Moreover, the Trump administration has been getting more aggressive with coercive measures, even going so far as to sanction educational institutions. Last month, the Trump administration added the Harbin Institute of Technology and Harbin Engineering University to the Entity List.
China's answer is to steal as much as it can and buy tech wherever possible. It has, for instance, been trying to build a relationship with South Korea's Samsung, the world's no. 2 maker of smartphones, to obtain 5G chips it can no longer get due to the Entity List designation. Don't be surprised if Huawei, perhaps with the support of the leftist government of President Moon Jae-in in Seoul, buys Samsung to get its technology.
Backdoor strategies like those involving Samsung can alleviate the effect of foreign sanctions, but they are only stopgap measures at best.
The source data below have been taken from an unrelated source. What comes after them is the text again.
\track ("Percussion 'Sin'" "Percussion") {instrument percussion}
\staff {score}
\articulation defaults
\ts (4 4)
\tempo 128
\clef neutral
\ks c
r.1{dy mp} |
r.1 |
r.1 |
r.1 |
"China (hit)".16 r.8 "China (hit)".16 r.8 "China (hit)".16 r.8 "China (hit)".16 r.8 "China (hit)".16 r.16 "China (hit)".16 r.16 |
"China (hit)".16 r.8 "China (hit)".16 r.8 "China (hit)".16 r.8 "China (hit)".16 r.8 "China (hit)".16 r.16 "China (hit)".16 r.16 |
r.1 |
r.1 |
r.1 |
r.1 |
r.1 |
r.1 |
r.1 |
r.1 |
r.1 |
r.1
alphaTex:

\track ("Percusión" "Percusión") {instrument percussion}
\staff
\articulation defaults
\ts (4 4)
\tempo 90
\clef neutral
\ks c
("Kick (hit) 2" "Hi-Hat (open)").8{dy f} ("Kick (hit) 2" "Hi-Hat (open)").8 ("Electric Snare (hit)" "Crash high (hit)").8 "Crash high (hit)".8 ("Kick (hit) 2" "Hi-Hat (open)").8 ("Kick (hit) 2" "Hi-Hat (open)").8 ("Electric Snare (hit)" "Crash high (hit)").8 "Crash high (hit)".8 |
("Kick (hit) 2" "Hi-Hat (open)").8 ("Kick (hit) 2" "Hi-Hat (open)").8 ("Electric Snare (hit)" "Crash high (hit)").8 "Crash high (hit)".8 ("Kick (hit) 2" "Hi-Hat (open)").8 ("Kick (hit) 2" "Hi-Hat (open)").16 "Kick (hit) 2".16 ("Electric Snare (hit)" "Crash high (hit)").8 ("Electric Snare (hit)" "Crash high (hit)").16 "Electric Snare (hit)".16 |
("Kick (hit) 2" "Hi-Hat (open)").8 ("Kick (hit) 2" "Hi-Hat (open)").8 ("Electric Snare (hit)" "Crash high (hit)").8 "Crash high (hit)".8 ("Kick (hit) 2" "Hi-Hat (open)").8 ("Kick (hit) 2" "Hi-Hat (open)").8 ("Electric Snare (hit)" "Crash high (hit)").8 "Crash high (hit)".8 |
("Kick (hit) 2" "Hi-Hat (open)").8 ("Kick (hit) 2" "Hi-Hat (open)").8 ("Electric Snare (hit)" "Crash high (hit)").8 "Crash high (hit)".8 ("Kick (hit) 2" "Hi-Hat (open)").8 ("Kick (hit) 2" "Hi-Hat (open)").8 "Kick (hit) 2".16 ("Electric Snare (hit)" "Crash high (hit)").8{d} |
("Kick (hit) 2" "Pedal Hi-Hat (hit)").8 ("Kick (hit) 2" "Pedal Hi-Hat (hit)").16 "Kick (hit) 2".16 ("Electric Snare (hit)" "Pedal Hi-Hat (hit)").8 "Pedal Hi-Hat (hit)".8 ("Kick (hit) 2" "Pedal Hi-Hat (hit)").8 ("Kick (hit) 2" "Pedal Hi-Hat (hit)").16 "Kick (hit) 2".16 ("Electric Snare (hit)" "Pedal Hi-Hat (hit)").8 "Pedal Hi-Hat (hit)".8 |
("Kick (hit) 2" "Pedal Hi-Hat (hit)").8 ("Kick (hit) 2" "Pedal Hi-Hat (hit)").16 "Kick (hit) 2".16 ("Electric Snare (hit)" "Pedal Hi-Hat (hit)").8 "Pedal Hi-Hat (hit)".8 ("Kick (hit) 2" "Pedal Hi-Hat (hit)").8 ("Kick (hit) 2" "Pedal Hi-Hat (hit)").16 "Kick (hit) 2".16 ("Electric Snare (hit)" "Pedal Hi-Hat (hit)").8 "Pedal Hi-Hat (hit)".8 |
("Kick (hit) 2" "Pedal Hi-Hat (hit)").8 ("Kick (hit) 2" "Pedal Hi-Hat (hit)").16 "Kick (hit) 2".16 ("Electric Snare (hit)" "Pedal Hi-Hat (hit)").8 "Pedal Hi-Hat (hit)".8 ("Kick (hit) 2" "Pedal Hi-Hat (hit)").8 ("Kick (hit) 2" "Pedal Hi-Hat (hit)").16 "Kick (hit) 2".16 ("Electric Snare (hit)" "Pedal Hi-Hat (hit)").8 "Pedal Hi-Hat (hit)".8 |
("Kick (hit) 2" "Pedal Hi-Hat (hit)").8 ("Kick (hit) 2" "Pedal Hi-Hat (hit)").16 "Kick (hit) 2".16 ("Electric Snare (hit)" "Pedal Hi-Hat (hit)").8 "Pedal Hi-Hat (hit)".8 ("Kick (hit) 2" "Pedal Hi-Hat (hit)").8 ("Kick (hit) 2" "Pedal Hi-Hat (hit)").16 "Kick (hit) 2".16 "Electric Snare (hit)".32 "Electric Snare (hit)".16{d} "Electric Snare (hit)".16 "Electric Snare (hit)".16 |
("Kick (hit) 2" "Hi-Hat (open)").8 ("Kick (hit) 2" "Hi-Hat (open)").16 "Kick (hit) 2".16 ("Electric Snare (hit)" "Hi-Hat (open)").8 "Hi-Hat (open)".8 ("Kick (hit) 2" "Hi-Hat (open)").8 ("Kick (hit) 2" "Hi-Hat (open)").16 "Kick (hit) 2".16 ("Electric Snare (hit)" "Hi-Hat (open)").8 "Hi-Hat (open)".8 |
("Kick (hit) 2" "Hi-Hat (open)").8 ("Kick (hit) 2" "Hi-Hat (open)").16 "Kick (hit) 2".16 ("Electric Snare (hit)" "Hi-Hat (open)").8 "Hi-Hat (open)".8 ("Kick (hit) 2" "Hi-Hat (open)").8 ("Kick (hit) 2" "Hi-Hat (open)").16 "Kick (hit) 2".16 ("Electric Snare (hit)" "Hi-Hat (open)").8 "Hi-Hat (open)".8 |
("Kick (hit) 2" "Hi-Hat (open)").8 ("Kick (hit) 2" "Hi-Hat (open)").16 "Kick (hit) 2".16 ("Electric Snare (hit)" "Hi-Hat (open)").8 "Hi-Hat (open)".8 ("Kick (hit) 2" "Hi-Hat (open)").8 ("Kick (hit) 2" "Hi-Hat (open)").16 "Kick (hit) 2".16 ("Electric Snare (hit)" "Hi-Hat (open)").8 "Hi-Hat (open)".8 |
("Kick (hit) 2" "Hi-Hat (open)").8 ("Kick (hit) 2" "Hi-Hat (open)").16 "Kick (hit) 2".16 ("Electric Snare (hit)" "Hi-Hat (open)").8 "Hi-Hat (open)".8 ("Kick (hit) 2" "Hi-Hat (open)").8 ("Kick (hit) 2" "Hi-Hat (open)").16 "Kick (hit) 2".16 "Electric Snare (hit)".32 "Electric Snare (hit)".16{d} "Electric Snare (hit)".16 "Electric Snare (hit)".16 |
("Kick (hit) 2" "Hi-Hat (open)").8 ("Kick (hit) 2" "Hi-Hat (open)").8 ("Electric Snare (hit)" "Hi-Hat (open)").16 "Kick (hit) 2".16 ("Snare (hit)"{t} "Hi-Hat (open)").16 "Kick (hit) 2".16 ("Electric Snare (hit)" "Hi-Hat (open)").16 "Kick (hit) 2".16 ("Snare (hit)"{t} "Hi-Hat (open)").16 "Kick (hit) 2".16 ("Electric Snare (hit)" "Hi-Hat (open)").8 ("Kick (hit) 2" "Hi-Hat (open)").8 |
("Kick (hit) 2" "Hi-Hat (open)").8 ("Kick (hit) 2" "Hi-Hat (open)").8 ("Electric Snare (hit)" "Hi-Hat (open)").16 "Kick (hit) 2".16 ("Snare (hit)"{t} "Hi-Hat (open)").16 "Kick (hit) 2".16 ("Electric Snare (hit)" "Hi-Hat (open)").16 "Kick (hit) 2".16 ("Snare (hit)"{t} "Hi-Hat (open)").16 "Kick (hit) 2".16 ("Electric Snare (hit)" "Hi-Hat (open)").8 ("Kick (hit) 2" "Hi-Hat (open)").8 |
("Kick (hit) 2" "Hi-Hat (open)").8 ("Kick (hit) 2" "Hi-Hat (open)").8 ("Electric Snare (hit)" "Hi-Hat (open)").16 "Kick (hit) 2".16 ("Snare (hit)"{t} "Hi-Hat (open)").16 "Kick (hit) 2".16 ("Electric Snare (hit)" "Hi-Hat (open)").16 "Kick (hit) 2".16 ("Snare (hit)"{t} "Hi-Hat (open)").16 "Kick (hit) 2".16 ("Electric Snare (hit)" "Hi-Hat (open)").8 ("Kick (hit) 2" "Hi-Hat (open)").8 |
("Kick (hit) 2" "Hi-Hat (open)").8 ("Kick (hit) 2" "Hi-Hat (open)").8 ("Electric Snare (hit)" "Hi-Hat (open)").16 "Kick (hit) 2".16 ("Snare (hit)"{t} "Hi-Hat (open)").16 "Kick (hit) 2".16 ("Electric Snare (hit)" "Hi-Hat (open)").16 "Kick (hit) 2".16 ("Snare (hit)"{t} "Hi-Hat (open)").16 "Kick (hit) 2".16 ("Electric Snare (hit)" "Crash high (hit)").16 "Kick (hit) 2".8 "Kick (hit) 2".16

This is, therefore, the time to stop China before, by hook or by crook, it dominates technology to the detriment of the world. The window in which American actions can be effective is narrowing. Huawei, for instance, can design the sophisticated chips it needs, yet it cannot build them due to its inclusion on the Entity List. It should be able to develop the ability to build chips, however, in a few years.
So it's now or never. Now is the time to shut down Beijing's massive, state-directed, and government-funded effort to dominate the world's technologies.
Gordon G. Chang is the author of The Coming Collapse of China and The Great U.S.-China Tech War. He is a Gatestone Institute Distinguished Senior Fellow.